Он закашлял, прокашлялся с трудом:

- Ты хоть понимаешь, Коткин, что я тебя вместо себя готовлю! Слыхал, наверно, уж такую сплетню? Уходить мне надо, здоровья не осталось…На кого отряд оставлю? Каждый час помереть могу прямо за столом этим, давленье под двести…

Широканов достал из пиджака железную коробочку, вытряс в скрюченную ладонь какие-то таблетки, вбросил их в распахнутый рот.

- Налей-ко воды в стакан, - приказал Лёне. Запил таблетки, помолчал с растерянным лицом, с трясущейся губой. – А он мне тут ситуа-а-ация! – с горечью  передразнил он Коткина.

- Ты о людях подумал, охломон? Ситуация у него! А у нас не ситуация! Люди должны спокойно работать, результат приносить. Ты уйдёшь, я уйду – что будет? Всё тут развалится к херрам собачьим!

Начальник отряда ни с того, ни с сего схватил ещё раз стакан и крепко, как печать поставил, шмякнул донышком о столешницу, вода выплеснулась, забрызгала стол… Как только посуду не раскокал?

- Дезертир ты, Леонид, больше никак назвать тебя не могу.

Он вскочил со стула, и тяжело, но быстро ступая, перешёл к своему креслу, за начальнический стол. Плюхнулся и уткнулся в какие-то бумаги. Мол, всё! Разговор окончен!

Леонид тоже поднялся. Полуотвернувшись от начальника, он сказал горькие слова:

- Не хотел я рассказывать, Евгений Кузьмич, тяжело мне это всё… Жена у меня, Светлана, пьёт. Алкоголичкой стала, Запои у неё… Такие дела у меня, Евгений Кузьмич.

Маленько скрючился Лёня и пошмыгал носом. Непрост был для него такой разговор:

- А у меня с ней двое детей, парень и девочка. С ней живут… Её, наверно, родительских прав скоро лишат, за пьянку… Так мне передали её родители. Зовут меня…

Губы его задрожали.

- Надо ехать…

Лёня склонил голову, спрятал заблестевшие от влаги глаза.
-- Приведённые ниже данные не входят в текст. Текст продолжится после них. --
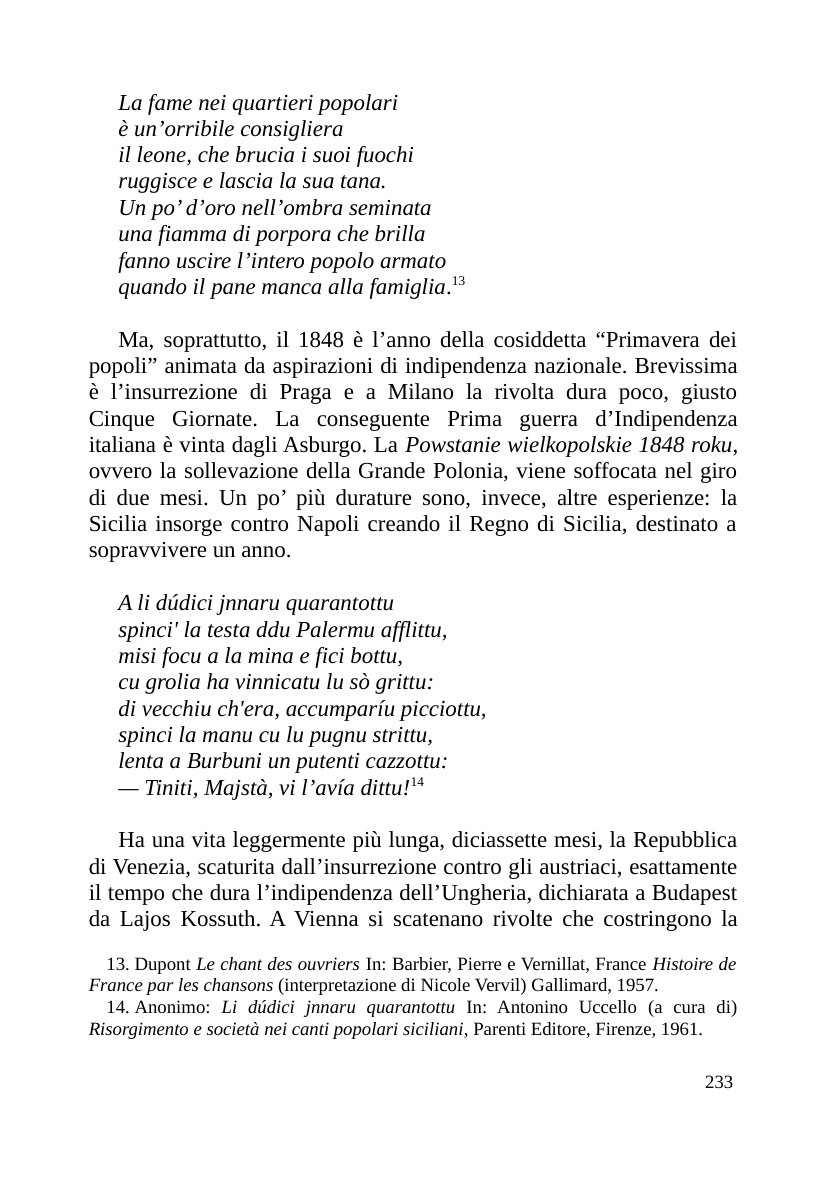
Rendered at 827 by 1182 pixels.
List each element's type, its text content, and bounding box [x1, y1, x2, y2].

text Un po’ d’oro nell’ombra seminata [88, 194, 738, 220]
text fanno uscire l’intero popolo armato [88, 247, 738, 273]
text una fiamma di porpora che brilla [88, 220, 738, 247]
text lenta a Burbuni un putenti cazzottu: [88, 747, 738, 774]
text spinci la manu cu lu pugnu strittu, [88, 721, 738, 747]
text cu grolia ha vinnicatu lu sò grittu: [88, 668, 738, 695]
text — Tiniti, Majstà, vi l’avía dittu! [88, 774, 738, 800]
text misi focu a la mina e fici bottu, [88, 642, 738, 668]
text quando il pane manca alla famiglia. [88, 273, 738, 299]
text La fame nei quartieri popolari [88, 88, 738, 115]
text è un’orribile consigliera [88, 115, 738, 141]
text il leone, che brucia i suoi fuochi [88, 141, 738, 168]
text Ha una vita leggermente più lunga, diciassette mesi, la Repubblica di Venezia, scaturita dall’insurrezione contro gli austriaci, esattamente il tempo che dura l’indipendenza dell’Ungheria, dichiarata a Budapest da Lajos Kossuth. A Vienna si scatenano rivolte che costringono la [88, 826, 738, 932]
text Ma, soprattutto, il 1848 è l’anno della cosiddetta “Primavera dei popoli” animata da aspirazioni di indipendenza nazionale. Brevissima è l’insurrezione di Praga e a Milano la rivolta dura poco, giusto Cinque Giornate. La conseguente Prima guerra d’Indipendenza italiana è vinta dagli Asburgo. La Powstanie wielkopolskie 1848 roku, ovvero la sollevazione della Grande Polonia, viene soffocata nel giro di due mesi. Un po’ più durature sono, invece, altre esperienze: la Sicilia insorge contro Napoli creando il Regno di Sicilia, destinato a sopravvivere un anno. [88, 326, 738, 563]
text Anonimo: Li dúdici jnnaru quarantottu In: Antonino Uccello (a cura di) Risorgimento e società nei canti popolari siciliani, Parenti Editore, Firenze, 1961. [88, 996, 738, 1039]
text di vecchiu ch'era, accumparíu picciottu, [88, 695, 738, 721]
text spinci' la testa ddu Palermu afflittu, [88, 616, 738, 642]
text Dupont Le chant des ouvriers In: Barbier, Pierre e Vernillat, France Histoire de France par les chansons (interpretazione di Nicole Vervil) Gallimard, 1957. [88, 953, 738, 996]
text A li dúdici jnnaru quarantottu [88, 589, 738, 616]
text ruggisce e lascia la sua tana. [88, 168, 738, 194]

Широканов медленно положил локти на стол, уставился в одну точку на противоположной стене.

- Вот так, значит…

Какое-то время он молчал.

- Дак ты, Леонид, выдернул бы её сюда с ребятами заодно. Чего-нибудь будем варганить вместе с нашим отрядом. Жильё выправим, это уж за мной. Ребят в школу, в сад, куда надо. Выручать надо твою бабу.

- Я, Евгений Кузьмич, пытался, да не выходит у меня. Не едет и всё. Там родители у неё ещё, престарелые люди. Тоже как дети малые. Прибаливают они. Светлану не отпускают, боятся совсем дочку потерять.

Коткин стоял растерянный, с разведёнными в недоумении руками.

- И вот, что мне делать, Евгений Кузьмич? Уезжать я не хочу, прирос тут ко всему, к коллективу нашему, но беда у меня… Семью надо спасать.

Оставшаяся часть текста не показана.